■ Your task
The required answer is the data below, restated word for word with images omitted.

■ Supplied records
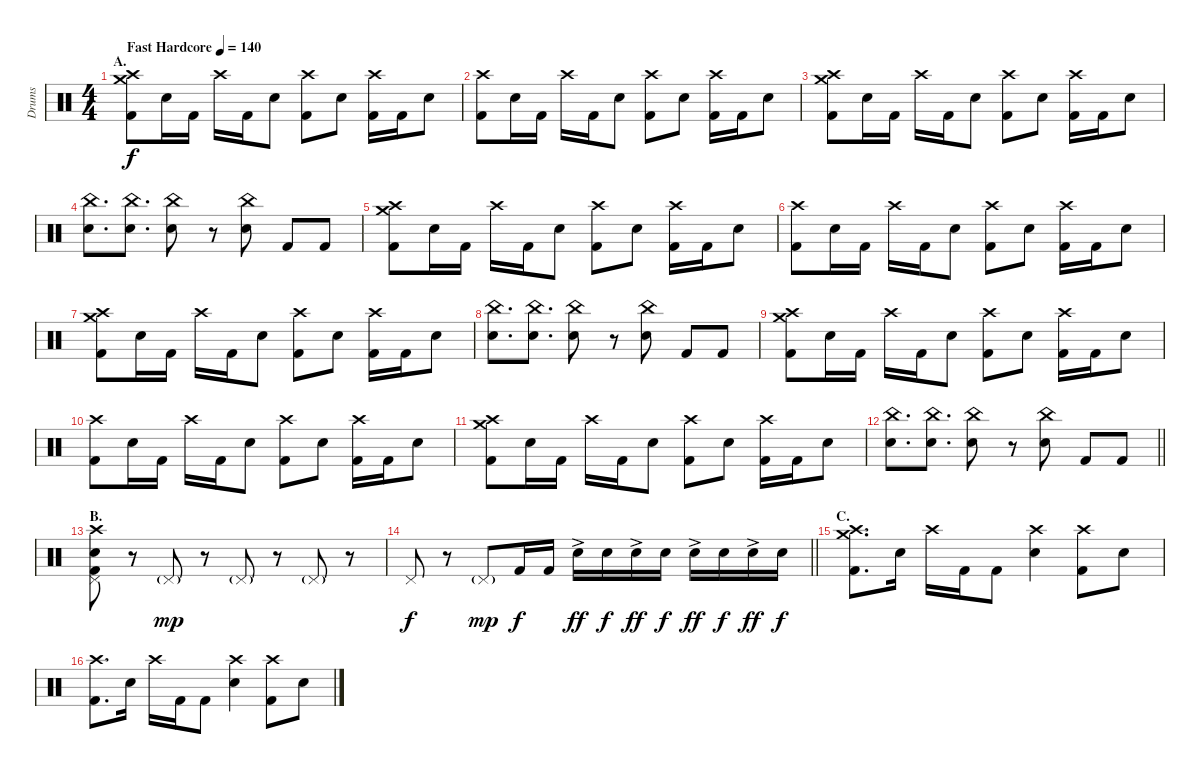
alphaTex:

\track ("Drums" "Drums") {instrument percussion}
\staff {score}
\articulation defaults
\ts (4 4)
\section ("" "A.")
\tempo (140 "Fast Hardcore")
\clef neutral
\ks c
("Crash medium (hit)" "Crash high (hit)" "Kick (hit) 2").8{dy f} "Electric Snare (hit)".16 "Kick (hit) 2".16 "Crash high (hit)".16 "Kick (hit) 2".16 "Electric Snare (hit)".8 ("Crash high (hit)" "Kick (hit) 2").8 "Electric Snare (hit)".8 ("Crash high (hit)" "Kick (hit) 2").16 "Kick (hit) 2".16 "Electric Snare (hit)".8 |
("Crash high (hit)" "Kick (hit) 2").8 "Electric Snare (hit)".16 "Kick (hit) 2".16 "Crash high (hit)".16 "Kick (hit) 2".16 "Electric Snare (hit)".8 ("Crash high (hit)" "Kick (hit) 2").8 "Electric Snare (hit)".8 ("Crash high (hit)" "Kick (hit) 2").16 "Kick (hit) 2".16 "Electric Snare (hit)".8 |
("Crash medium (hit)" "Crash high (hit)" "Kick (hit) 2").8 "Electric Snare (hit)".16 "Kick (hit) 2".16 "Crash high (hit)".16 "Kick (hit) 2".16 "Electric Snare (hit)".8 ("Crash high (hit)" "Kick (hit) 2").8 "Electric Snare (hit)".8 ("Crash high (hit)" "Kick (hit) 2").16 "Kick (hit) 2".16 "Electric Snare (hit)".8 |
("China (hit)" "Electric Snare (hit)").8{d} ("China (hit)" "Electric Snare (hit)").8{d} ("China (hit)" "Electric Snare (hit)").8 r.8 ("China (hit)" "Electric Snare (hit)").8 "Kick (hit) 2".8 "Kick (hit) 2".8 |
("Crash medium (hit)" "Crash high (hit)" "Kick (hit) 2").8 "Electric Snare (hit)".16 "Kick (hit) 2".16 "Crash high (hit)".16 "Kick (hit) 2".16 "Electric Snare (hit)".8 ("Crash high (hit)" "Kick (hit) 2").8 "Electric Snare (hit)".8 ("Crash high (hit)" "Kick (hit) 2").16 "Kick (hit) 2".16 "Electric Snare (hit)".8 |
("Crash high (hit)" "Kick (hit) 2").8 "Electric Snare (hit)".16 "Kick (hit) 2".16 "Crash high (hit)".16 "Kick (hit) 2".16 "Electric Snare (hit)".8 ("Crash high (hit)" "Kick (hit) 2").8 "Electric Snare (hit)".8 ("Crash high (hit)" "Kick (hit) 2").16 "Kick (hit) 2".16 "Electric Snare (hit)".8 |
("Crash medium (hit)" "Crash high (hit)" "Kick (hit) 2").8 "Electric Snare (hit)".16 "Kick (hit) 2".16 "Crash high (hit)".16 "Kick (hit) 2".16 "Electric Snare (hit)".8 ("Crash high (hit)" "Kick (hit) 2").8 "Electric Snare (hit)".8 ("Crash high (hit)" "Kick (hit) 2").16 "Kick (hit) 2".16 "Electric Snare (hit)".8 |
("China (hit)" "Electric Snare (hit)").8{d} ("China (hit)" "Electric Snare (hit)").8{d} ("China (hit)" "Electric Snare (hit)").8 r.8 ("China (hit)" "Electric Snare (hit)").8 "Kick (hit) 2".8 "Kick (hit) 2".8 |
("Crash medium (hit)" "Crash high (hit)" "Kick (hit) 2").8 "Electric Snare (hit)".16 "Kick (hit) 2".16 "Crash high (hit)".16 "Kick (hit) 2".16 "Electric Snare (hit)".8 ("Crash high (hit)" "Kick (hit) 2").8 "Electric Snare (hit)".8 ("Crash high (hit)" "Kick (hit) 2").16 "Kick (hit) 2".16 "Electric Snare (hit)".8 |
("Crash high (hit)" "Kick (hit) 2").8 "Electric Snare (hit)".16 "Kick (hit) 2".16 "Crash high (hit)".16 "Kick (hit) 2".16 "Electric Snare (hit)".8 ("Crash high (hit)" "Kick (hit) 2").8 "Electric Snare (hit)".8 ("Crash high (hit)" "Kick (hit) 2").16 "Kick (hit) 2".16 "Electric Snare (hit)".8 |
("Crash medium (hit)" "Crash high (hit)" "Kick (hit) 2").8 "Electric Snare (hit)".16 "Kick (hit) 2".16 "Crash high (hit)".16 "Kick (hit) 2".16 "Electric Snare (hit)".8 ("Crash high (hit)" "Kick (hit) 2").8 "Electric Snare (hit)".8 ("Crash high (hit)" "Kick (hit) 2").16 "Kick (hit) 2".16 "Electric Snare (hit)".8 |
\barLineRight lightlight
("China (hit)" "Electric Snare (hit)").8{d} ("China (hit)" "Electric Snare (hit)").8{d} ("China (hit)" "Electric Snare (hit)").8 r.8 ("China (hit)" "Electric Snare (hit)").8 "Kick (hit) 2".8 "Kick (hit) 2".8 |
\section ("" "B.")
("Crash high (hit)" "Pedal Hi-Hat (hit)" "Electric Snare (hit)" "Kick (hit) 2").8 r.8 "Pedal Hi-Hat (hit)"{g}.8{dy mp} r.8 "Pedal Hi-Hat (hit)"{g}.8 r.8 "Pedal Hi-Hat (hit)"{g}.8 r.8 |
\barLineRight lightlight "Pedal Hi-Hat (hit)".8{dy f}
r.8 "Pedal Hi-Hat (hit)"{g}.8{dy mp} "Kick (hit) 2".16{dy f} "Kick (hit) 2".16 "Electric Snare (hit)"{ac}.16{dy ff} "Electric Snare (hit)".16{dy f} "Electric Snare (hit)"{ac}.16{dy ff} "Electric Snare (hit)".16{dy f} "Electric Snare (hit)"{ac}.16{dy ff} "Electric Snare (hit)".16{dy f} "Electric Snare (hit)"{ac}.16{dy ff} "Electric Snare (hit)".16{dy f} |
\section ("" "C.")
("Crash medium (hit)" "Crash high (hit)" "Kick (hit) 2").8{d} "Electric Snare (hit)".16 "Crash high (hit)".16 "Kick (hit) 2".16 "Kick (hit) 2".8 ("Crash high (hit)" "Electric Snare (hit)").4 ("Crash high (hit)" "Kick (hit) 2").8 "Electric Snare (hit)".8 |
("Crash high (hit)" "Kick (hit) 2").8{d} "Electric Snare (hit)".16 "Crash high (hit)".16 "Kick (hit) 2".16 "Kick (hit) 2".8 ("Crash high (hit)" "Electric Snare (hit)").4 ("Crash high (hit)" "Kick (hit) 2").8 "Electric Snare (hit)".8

■ Response
alphaTex:

\track ("Drums" "Drums") {instrument percussion}
\staff {score}
\articulation defaults
\ts (4 4)
\section ("" "A.")
\tempo (140 "Fast Hardcore")
\clef neutral
\ks c
("Crash medium (hit)" "Crash high (hit)" "Kick (hit) 2").8{dy f} "Electric Snare (hit)".16 "Kick (hit) 2".16 "Crash high (hit)".16 "Kick (hit) 2".16 "Electric Snare (hit)".8 ("Crash high (hit)" "Kick (hit) 2").8 "Electric Snare (hit)".8 ("Crash high (hit)" "Kick (hit) 2").16 "Kick (hit) 2".16 "Electric Snare (hit)".8 |
("Crash high (hit)" "Kick (hit) 2").8 "Electric Snare (hit)".16 "Kick (hit) 2".16 "Crash high (hit)".16 "Kick (hit) 2".16 "Electric Snare (hit)".8 ("Crash high (hit)" "Kick (hit) 2").8 "Electric Snare (hit)".8 ("Crash high (hit)" "Kick (hit) 2").16 "Kick (hit) 2".16 "Electric Snare (hit)".8 |
("Crash medium (hit)" "Crash high (hit)" "Kick (hit) 2").8 "Electric Snare (hit)".16 "Kick (hit) 2".16 "Crash high (hit)".16 "Kick (hit) 2".16 "Electric Snare (hit)".8 ("Crash high (hit)" "Kick (hit) 2").8 "Electric Snare (hit)".8 ("Crash high (hit)" "Kick (hit) 2").16 "Kick (hit) 2".16 "Electric Snare (hit)".8 |
("China (hit)" "Electric Snare (hit)").8{d} ("China (hit)" "Electric Snare (hit)").8{d} ("China (hit)" "Electric Snare (hit)").8 r.8 ("China (hit)" "Electric Snare (hit)").8 "Kick (hit) 2".8 "Kick (hit) 2".8 |
("Crash medium (hit)" "Crash high (hit)" "Kick (hit) 2").8 "Electric Snare (hit)".16 "Kick (hit) 2".16 "Crash high (hit)".16 "Kick (hit) 2".16 "Electric Snare (hit)".8 ("Crash high (hit)" "Kick (hit) 2").8 "Electric Snare (hit)".8 ("Crash high (hit)" "Kick (hit) 2").16 "Kick (hit) 2".16 "Electric Snare (hit)".8 |
("Crash high (hit)" "Kick (hit) 2").8 "Electric Snare (hit)".16 "Kick (hit) 2".16 "Crash high (hit)".16 "Kick (hit) 2".16 "Electric Snare (hit)".8 ("Crash high (hit)" "Kick (hit) 2").8 "Electric Snare (hit)".8 ("Crash high (hit)" "Kick (hit) 2").16 "Kick (hit) 2".16 "Electric Snare (hit)".8 |
("Crash medium (hit)" "Crash high (hit)" "Kick (hit) 2").8 "Electric Snare (hit)".16 "Kick (hit) 2".16 "Crash high (hit)".16 "Kick (hit) 2".16 "Electric Snare (hit)".8 ("Crash high (hit)" "Kick (hit) 2").8 "Electric Snare (hit)".8 ("Crash high (hit)" "Kick (hit) 2").16 "Kick (hit) 2".16 "Electric Snare (hit)".8 |
("China (hit)" "Electric Snare (hit)").8{d} ("China (hit)" "Electric Snare (hit)").8{d} ("China (hit)" "Electric Snare (hit)").8 r.8 ("China (hit)" "Electric Snare (hit)").8 "Kick (hit) 2".8 "Kick (hit) 2".8 |
("Crash medium (hit)" "Crash high (hit)" "Kick (hit) 2").8 "Electric Snare (hit)".16 "Kick (hit) 2".16 "Crash high (hit)".16 "Kick (hit) 2".16 "Electric Snare (hit)".8 ("Crash high (hit)" "Kick (hit) 2").8 "Electric Snare (hit)".8 ("Crash high (hit)" "Kick (hit) 2").16 "Kick (hit) 2".16 "Electric Snare (hit)".8 |
("Crash high (hit)" "Kick (hit) 2").8 "Electric Snare (hit)".16 "Kick (hit) 2".16 "Crash high (hit)".16 "Kick (hit) 2".16 "Electric Snare (hit)".8 ("Crash high (hit)" "Kick (hit) 2").8 "Electric Snare (hit)".8 ("Crash high (hit)" "Kick (hit) 2").16 "Kick (hit) 2".16 "Electric Snare (hit)".8 |
("Crash medium (hit)" "Crash high (hit)" "Kick (hit) 2").8 "Electric Snare (hit)".16 "Kick (hit) 2".16 "Crash high (hit)".16 "Kick (hit) 2".16 "Electric Snare (hit)".8 ("Crash high (hit)" "Kick (hit) 2").8 "Electric Snare (hit)".8 ("Crash high (hit)" "Kick (hit) 2").16 "Kick (hit) 2".16 "Electric Snare (hit)".8 |
\barLineRight lightlight
("China (hit)" "Electric Snare (hit)").8{d} ("China (hit)" "Electric Snare (hit)").8{d} ("China (hit)" "Electric Snare (hit)").8 r.8 ("China (hit)" "Electric Snare (hit)").8 "Kick (hit) 2".8 "Kick (hit) 2".8 |
\section ("" "B.")
("Crash high (hit)" "Pedal Hi-Hat (hit)" "Electric Snare (hit)" "Kick (hit) 2").8 r.8 "Pedal Hi-Hat (hit)"{g}.8{dy mp} r.8 "Pedal Hi-Hat (hit)"{g}.8 r.8 "Pedal Hi-Hat (hit)"{g}.8 r.8 |
\barLineRight lightlight "Pedal Hi-Hat (hit)".8{dy f}
r.8 "Pedal Hi-Hat (hit)"{g}.8{dy mp} "Kick (hit) 2".16{dy f} "Kick (hit) 2".16 "Electric Snare (hit)"{ac}.16{dy ff} "Electric Snare (hit)".16{dy f} "Electric Snare (hit)"{ac}.16{dy ff} "Electric Snare (hit)".16{dy f} "Electric Snare (hit)"{ac}.16{dy ff} "Electric Snare (hit)".16{dy f} "Electric Snare (hit)"{ac}.16{dy ff} "Electric Snare (hit)".16{dy f} |
\section ("" "C.")
("Crash medium (hit)" "Crash high (hit)" "Kick (hit) 2").8{d} "Electric Snare (hit)".16 "Crash high (hit)".16 "Kick (hit) 2".16 "Kick (hit) 2".8 ("Crash high (hit)" "Electric Snare (hit)").4 ("Crash high (hit)" "Kick (hit) 2").8 "Electric Snare (hit)".8 |
("Crash high (hit)" "Kick (hit) 2").8{d} "Electric Snare (hit)".16 "Crash high (hit)".16 "Kick (hit) 2".16 "Kick (hit) 2".8 ("Crash high (hit)" "Electric Snare (hit)").4 ("Crash high (hit)" "Kick (hit) 2").8 "Electric Snare (hit)".8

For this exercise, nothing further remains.